Dari keterangan awal diperoleh informasi, mereka melarikan diri dari lokasi yang berada di perbatasan Kabupaten Yahukimo, Asmat dan Kabupaten Pegunungan Bintang ke Ukowi dan lanjut ke Phoo yang kemudian dievakuasi ke Tanah Merah.
Sebelumnya diberitakan, Polda Papua melakukan pengecekan terkait kabar pembantaian sejumlah pendulang emas di Kampung Minim, Kabupaten Yahukimo, Papua.
"Polda Papua turunkan tim untuk memeriksa kabar adanya pembantaian para pendulang emas di Kampung Minim, Kabupaten Yahukimo," kata Kapolda Papua Irjen Pol Rudolf A Rodja, Selasa (3/9/2019).
Tim yang diturunkan, lanjut Rodja, berasal dari Polres Asmat.
Sebab, meski tempat kejadian berada di Yahukimo, namun jarak tempuhnya lebih dekat dari Distrik Agats, Asmat, dibandingkan dari Dekai, Yahukimo.
Informasi terbaru, Rabu (4/9/2019), total sudah ada 288 warga yang merupakan para pendulang tradisional di Distrik Saradela, Kabupaten Yahukimo, Papua, menyelamatkan diri ke Kabupaten Boven Digoel.
"288 orang yang saat ini dalam proses bantuan evakuasi dari Polres Boven Digoel, kemudian 3 orang saat ini masih di rumah sakit," ujar Kabid Humas Polda Papua Kombes Pol. AM. Kamal, di Jayapura, Rabu (4/9/2019).
Kini, sambungnya, Kapolres Boven Digoel berupaya mengidentifikasi asal-usul pada warga tersebut dan mencari tahu permasalahan yang mereka hadapi.
Para pendulang ini, terang Kamal, melarikan diri dengan menyusuri jalur sungai, ada yang menyewa speedboat.
"Kelompok-kelompok mereka ini ada di beberapa tempat dan mungkin ada yang langsung bersinggungan dengan kelompok yang melakukan kekerasan di sekitar perbatasan Yahukimo, Boven Digoel dan Asmat," teturnya.

Helikopter yang membawa emas dari pedalaman Papua. (kanan) Emas hasil tambang di Papua.
Keberadaan tambang emas ilegal ini mendapat perhatian nasional setelah seorang pendeta dari Amerika Serikat yang telah bertugas di Papua Barat, Trevor Johnson, mengungkap tentang ekspolitasi emas di pedalaman Papua, wilayah Korowai.
Lokasi tambang ilegal Korowai terletak di antara lima kabupaten: Boven Digoel, Asmat, Mappi, Yahukimo, dan Pegunungan Bintang.
Menurut Johnson, anak-anak pedalaman Papua sulit mendapat layanan kesehatan karena terkendala transportasi, namun para bos emas bisa mengirimkan helikopter sebanyak tujuh kali dalam sehari untuk mengangkut emas dari daerah pedalaman.
Berikut ini kutipan suratnya:
Saya adalah Pendeta Trevor Johnson yang melayani di daerah Korowai Batu, bagian utara wilayah Korowai.
Saya telah tinggal di sini sekarang selama 10 tahun dan saya telah berjuang bersama para penginjil dari gereja GIDI yang berusaha membantu masyarakat.

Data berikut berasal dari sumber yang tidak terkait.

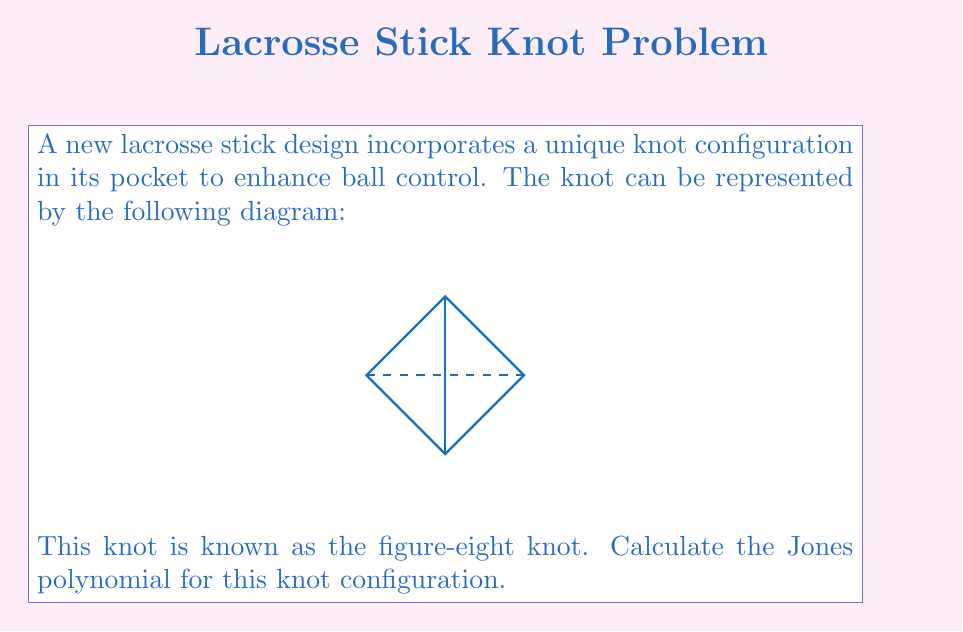Show me your answer to this math problem. To calculate the Jones polynomial for the figure-eight knot, we'll follow these steps:

1) First, we need to create an oriented diagram of the knot. The figure-eight knot has 4 crossings.

2) We'll use the skein relation for the Jones polynomial:
   $$t^{-1}V(L_+) - tV(L_-) = (t^{1/2} - t^{-1/2})V(L_0)$$
   where $L_+$, $L_-$, and $L_0$ represent positive crossing, negative crossing, and smoothed crossing respectively.

3) For the figure-eight knot, we can smooth one crossing to get two unlinked trefoil knots. The Jones polynomial for a trefoil knot is:
   $$V(\text{trefoil}) = t + t^3 - t^4$$

4) Let $V(8)$ be the Jones polynomial of the figure-eight knot. Applying the skein relation:
   $$t^{-1}V(8) - tV(\text{unknot}) = (t^{1/2} - t^{-1/2})V(\text{two trefoils})$$

5) We know that $V(\text{unknot}) = 1$ and $V(\text{two trefoils}) = (t + t^3 - t^4)^2$

6) Substituting these values:
   $$t^{-1}V(8) - t = (t^{1/2} - t^{-1/2})(t + t^3 - t^4)^2$$

7) Multiply both sides by $t$:
   $$V(8) - t^2 = (t^{3/2} - t^{1/2})(t + t^3 - t^4)^2$$

8) Expand the right side and solve for $V(8)$:
   $$V(8) = t^2 + (t^{3/2} - t^{1/2})(t + t^3 - t^4)^2$$

9) Simplify:
   $$V(8) = t^2 + (t^{3/2} - t^{1/2})(t^2 + 2t^4 - 2t^5 + t^6 - 2t^7 + t^8)$$
   $$V(8) = t^2 + t^{7/2} + 2t^{11/2} - 2t^{13/2} + t^{15/2} - 2t^{17/2} + t^{19/2} - t^{5/2} - 2t^{9/2} + 2t^{11/2} - t^{13/2} + 2t^{15/2} - t^{17/2}$$

10) Collecting like terms:
    $$V(8) = t^{-2} - t^{-1} + 1 - t + t^2$$
Answer: $t^{-2} - t^{-1} + 1 - t + t^2$

Kami telah membantu membangun gereja, sekolah, dan klinik di wilayah tersebut. Banyak orang yang dulu sakit parah sekarang masih hidup karena Tuhan telah memberi kita hak istimewa untuk tinggal di sini dan membantu orang sakit dan orang miskin.
Saya bersyukur kepada Tuhan setiap hari bahwa saya dapat menjadi semacam pertolongan bagi orang Papua. Anak Allah juga meninggalkan surga dan terlahir sebagai seorang manusia di antara orang-orang Isreal yang miskin dan tertindas, dan bahkan mati untuk dosa-dosa seluruh umat manusia. Setidaknya yang bisa saya lakukan adalah melayani orang miskin dan tertindas di pedalaman Papua.
Saya menulis kepada Bapak hari ini karena ada pertambangan emas di wilayah saya, di hulu dari Danowage. Saya menduga itu ilegal. Ini tidak adil untuk orang Korowai, atau orang Papua.
Pertama, saya pikir penambangan emas ini ilegal. Di mana dokumen-dokumen legalnya?
Kedua, Sebagian besar orang yang menjadi kaya dari emas bukan orang Papua. Para penambang emas yang datang sekitar 90% non-Papua. Ini tidak adil. Papua memiliki tanah terkaya tetapi orang-orang paling miskin di seluruh Indonesia. Emas Papua seharusnya membantu orang Papua.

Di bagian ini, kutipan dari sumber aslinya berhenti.